Кириллов миновал две комнаты, слабо освещенные лампами под длинными абажурами, у двери кабинета остановился на секунду, потом приподнял портьеру и вошел.
Сначала он не разглядел ясно ни Валентины, ни окружающих предметов, хотя сумрак в этой комнате был легче и ярче, нежели в других, которыми он шел. Высокая лампа с полу была прикрыта не темным, а бледным, тонким золотистым абажуром, и комнату наполняли янтарные лучи, туманные и горячие. Лампа освещала снизу широкие, зубчатые листы двух громадных пальм, уходящих к потолку. Воздух был душен, но не душист. Ни гиацинтов, ни лилий не замечалось. Только гибкие, ломкие и нежные златоцветы высоко подымали на столе свои головки; но они были слишком невинны, чтобы благоухать.
— Это вы? — произнесла Валентина тихо. — Здравствуйте. Я вас ждала. А я сегодня совсем больна.
Кириллов подошел ближе и увидал Валентину на низеньком турецком диване. Она даже велела принести из спальни две белые подушки. Шелковые и вышитые жгли ей лицо.

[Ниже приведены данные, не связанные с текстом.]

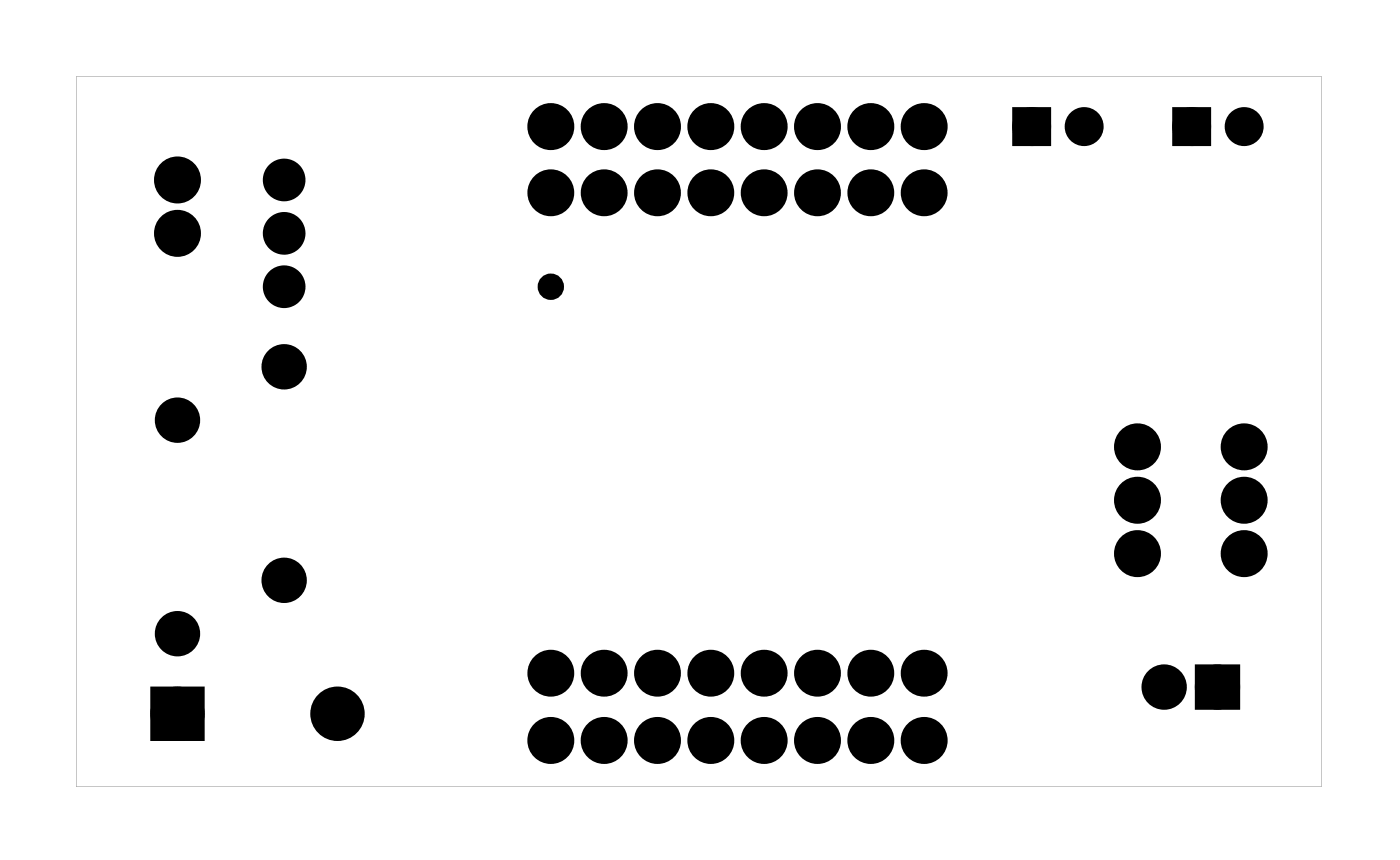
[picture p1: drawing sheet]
<svg xmlns="http://www.w3.org/2000/svg" width="67mm" height="41mm" viewBox="0 0 67 41" stroke-linecap="round" stroke-linejoin="round" font-family="sans-serif">
<g fill="#000">
<path d="M48.5 5.4h1.2v1.2h-1.2zM56.2 5.4h1.2v1.2h-1.2zM7.5 33h1.9v1.9h-1.9zM57.3 32h1.4v1.4h-1.4z"/>
<path d="M3.6 3.6v33.8h59.3v-33.8zM3.6 3.6h59.3v33.8h-59.3z"/>
<circle cx="13.5" cy="8.6" r=".64"/>
<circle cx="13.5" cy="13.6" r=".64"/>
<circle cx="13.5" cy="11.1" r=".64"/>
</g>
<g fill="#000">
<circle cx="8.5" cy="20" r=".7"/>
<circle cx="8.5" cy="8.6" r=".74"/>
<circle cx="8.5" cy="11.1" r=".74"/>
<circle cx="13.5" cy="17.5" r=".7"/>
<circle cx="26.2" cy="6" r=".74"/>
<circle cx="26.2" cy="9.2" r=".72"/>
<circle cx="26.2" cy="13.6" r=".35"/>
<circle cx="28.8" cy="6" r=".74"/>
<circle cx="28.8" cy="9.2" r=".72"/>
<circle cx="31.3" cy="6" r=".74"/>
<circle cx="31.3" cy="9.2" r=".72"/>
<circle cx="33.9" cy="6" r=".74"/>
<circle cx="33.9" cy="9.2" r=".72"/>
<circle cx="36.4" cy="6" r=".74"/>
<circle cx="36.4" cy="9.2" r=".72"/>
<circle cx="38.9" cy="6" r=".74"/>
<circle cx="38.9" cy="9.2" r=".72"/>
<circle cx="41.5" cy="6" r=".74"/>
<circle cx="41.5" cy="9.2" r=".72"/>
<circle cx="44" cy="6" r=".74"/>
<circle cx="44" cy="9.2" r=".72"/>
<circle cx="49.1" cy="6" r=".6"/>
<circle cx="51.6" cy="6" r=".6"/>
<circle cx="56.8" cy="6" r=".6"/>
<circle cx="59.3" cy="6" r=".6"/>
<circle cx="8.5" cy="30.2" r=".7"/>
<circle cx="8.5" cy="34" r=".91"/>
<circle cx="13.5" cy="27.6" r=".7"/>
<circle cx="16.1" cy="34" r=".91"/>
<circle cx="26.2" cy="35.2" r=".74"/>
<circle cx="26.2" cy="32" r=".72"/>
<circle cx="28.8" cy="35.2" r=".74"/>
<circle cx="28.8" cy="32" r=".72"/>
<circle cx="31.3" cy="35.2" r=".74"/>
<circle cx="31.3" cy="32" r=".72"/>
<circle cx="33.9" cy="35.2" r=".74"/>
<circle cx="33.9" cy="32" r=".72"/>
<circle cx="36.4" cy="35.2" r=".74"/>
<circle cx="36.4" cy="32" r=".72"/>
<circle cx="38.9" cy="35.2" r=".74"/>
<circle cx="38.9" cy="32" r=".72"/>
<circle cx="41.5" cy="35.2" r=".74"/>
<circle cx="41.5" cy="32" r=".72"/>
<circle cx="44" cy="35.2" r=".74"/>
<circle cx="44" cy="32" r=".72"/>
<circle cx="54.2" cy="26.3" r=".74"/>
<circle cx="54.2" cy="21.3" r=".74"/>
<circle cx="54.2" cy="23.8" r=".74"/>
<circle cx="55.4" cy="32.7" r=".7"/>
<circle cx="58" cy="32.7" r=".7"/>
<circle cx="59.3" cy="26.3" r=".74"/>
<circle cx="59.3" cy="21.3" r=".74"/>
<circle cx="59.3" cy="23.8" r=".74"/>
</g>
<g fill="none" stroke="#000" stroke-width=".76" stroke-linecap="butt">
<path d="M7.5 33h1.9v1.9h-1.9zM57.3 32h1.4v1.4h-1.4z"/>
<circle cx="8.5" cy="20" r=".7"/>
<circle cx="8.5" cy="8.6" r=".74"/>
<circle cx="8.5" cy="11.1" r=".74"/>
<circle cx="13.5" cy="17.5" r=".7"/>
<circle cx="26.2" cy="6" r=".74"/>
<circle cx="28.8" cy="6" r=".74"/>
<circle cx="31.3" cy="6" r=".74"/>
<circle cx="33.9" cy="6" r=".74"/>
<circle cx="36.4" cy="6" r=".74"/>
<circle cx="38.9" cy="6" r=".74"/>
<circle cx="41.5" cy="6" r=".74"/>
<circle cx="44" cy="6" r=".74"/>
<circle cx="8.5" cy="30.2" r=".7"/>
<circle cx="8.5" cy="34" r=".91"/>
<circle cx="13.5" cy="27.6" r=".7"/>
<circle cx="16.1" cy="34" r=".91"/>
<circle cx="26.2" cy="35.2" r=".74"/>
<circle cx="28.8" cy="35.2" r=".74"/>
<circle cx="31.3" cy="35.2" r=".74"/>
<circle cx="33.9" cy="35.2" r=".74"/>
<circle cx="36.4" cy="35.2" r=".74"/>
<circle cx="38.9" cy="35.2" r=".74"/>
<circle cx="41.5" cy="35.2" r=".74"/>
<circle cx="44" cy="35.2" r=".74"/>
<circle cx="54.2" cy="23.8" r=".74"/>
<circle cx="54.2" cy="26.3" r=".74"/>
<circle cx="54.2" cy="21.3" r=".74"/>
<circle cx="55.4" cy="32.7" r=".7"/>
<circle cx="58" cy="32.7" r=".7"/>
<circle cx="59.3" cy="23.8" r=".74"/>
<circle cx="59.3" cy="26.3" r=".74"/>
<circle cx="59.3" cy="21.3" r=".74"/>
</g>
<circle cx="26.2" cy="13.6" r=".35" fill="none" stroke="#000" stroke-width=".55"/>
<g fill="none" stroke="#000" stroke-width=".78" stroke-linecap="butt">
<circle cx="26.2" cy="9.2" r=".72"/>
<circle cx="28.8" cy="9.2" r=".72"/>
<circle cx="31.3" cy="9.2" r=".72"/>
<circle cx="33.9" cy="9.2" r=".72"/>
<circle cx="36.4" cy="9.2" r=".72"/>
<circle cx="38.9" cy="9.2" r=".72"/>
<circle cx="41.5" cy="9.2" r=".72"/>
<circle cx="44" cy="9.2" r=".72"/>
<circle cx="26.2" cy="32" r=".72"/>
<circle cx="28.8" cy="32" r=".72"/>
<circle cx="31.3" cy="32" r=".72"/>
<circle cx="33.9" cy="32" r=".72"/>
<circle cx="36.4" cy="32" r=".72"/>
<circle cx="38.9" cy="32" r=".72"/>
<circle cx="41.5" cy="32" r=".72"/>
<circle cx="44" cy="32" r=".72"/>
</g>
<g fill="none" stroke="#000" stroke-width=".65" stroke-linecap="butt">
<path d="M48.5 5.4h1.2v1.2h-1.2zM56.2 5.4h1.2v1.2h-1.2z"/>
<circle cx="49.1" cy="6" r=".6"/>
<circle cx="51.6" cy="6" r=".6"/>
<circle cx="56.8" cy="6" r=".6"/>
<circle cx="59.3" cy="6" r=".6"/>
</g>
<g fill="none" stroke="#000" stroke-width=".76">
<circle cx="13.5" cy="11.1" r=".64"/>
<circle cx="13.5" cy="13.6" r=".64"/>
<circle cx="13.5" cy="8.6" r=".64"/>
</g>
</svg>

— Вы больны? — с тревогой сказал Кириллов, целуя тонкую руку и заглядывая в блестящие глаза. — Давно больны? Что с вами? Что такое?
— Нет, ничего, пустяки… Маленькая лихорадка, завтра пройдет. Я простудилась немного, погода сырая, резкие перемены… Завтра пройдет, — прибавила она опять, опускаясь на подушки. — Сегодня, конечно, не очень хорошо: шум, звон в голове, сердце стучит, мысли такие резкие, быстрые, ясные.
Кириллов положил шапку и осторожно присел на низенький пуф около дивана.
— Может быть, я вам мешаю? Может быть, вам нужен покой, отдых? Завтра…
— Нет, нет, — прервала его Валентина нетерпеливо. — Я говорю вам, что у меня такие ясные, резкие мысли. И одной мне гораздо хуже, я прислушиваюсь, как стучит кровь в висках, как поднимается температура. Вы будьте со мной, точно со здоровой. Да я и почти здорова. Даже расположение духа мое не меняется от случайной лихорадки, и теперь не изменилось. Я всегда я… а в болезни, мне кажется, я даже больше я, чем всегда, — прибавила она с раздумьем.
Кириллов так же, как смотрел утром в тусклое зеркало на свое изображение, не видя его, смотрел теперь на Валентину, почти не замечая ее: он обдумывал слова, которые сейчас скажет ей.
А между тем Валентина была странно красива в этот вечер. Лицо, широкое у висков, с узким и маленьким подбородком, — казалось бледным, несмотря на жар. Черные волосы, слегка растрепанные, тонко вились на висках. Глаза, огромные, окруженные тенью, полуоткрытые, слабо мерцали. На ней было надето просторное, густо собранное платье из тончайшего китайского шелка, светло-желтого и обнявшего ее, как нежная золотистая пена. Платье кончалось к вороту прозрачным, старинным кружевом, тоже чуть желтоватым, но не блестящим, а матовым. Сквозь кружева белела нежная, почти девическая шея. Широкие, мягкие рукава доходили только до локтя. Из-под бесчисленных складок платья виднелась небольшая нога в черной лакированной туфле без каблука и в черном, очень тонком чулке с вышитыми золотыми стрелками.
— Вы молчите? — сказала Валентина, опять приподнимаясь. — Мы так давно не видались, а вы не хотите мне ничего рассказать? Вас, верно, смущают подушки, весь этот больничный вид. Знаете, я лучше сяду, вот хоть в кресло рядом… Вы увидите, я и сама скоро забуду о своей болезни…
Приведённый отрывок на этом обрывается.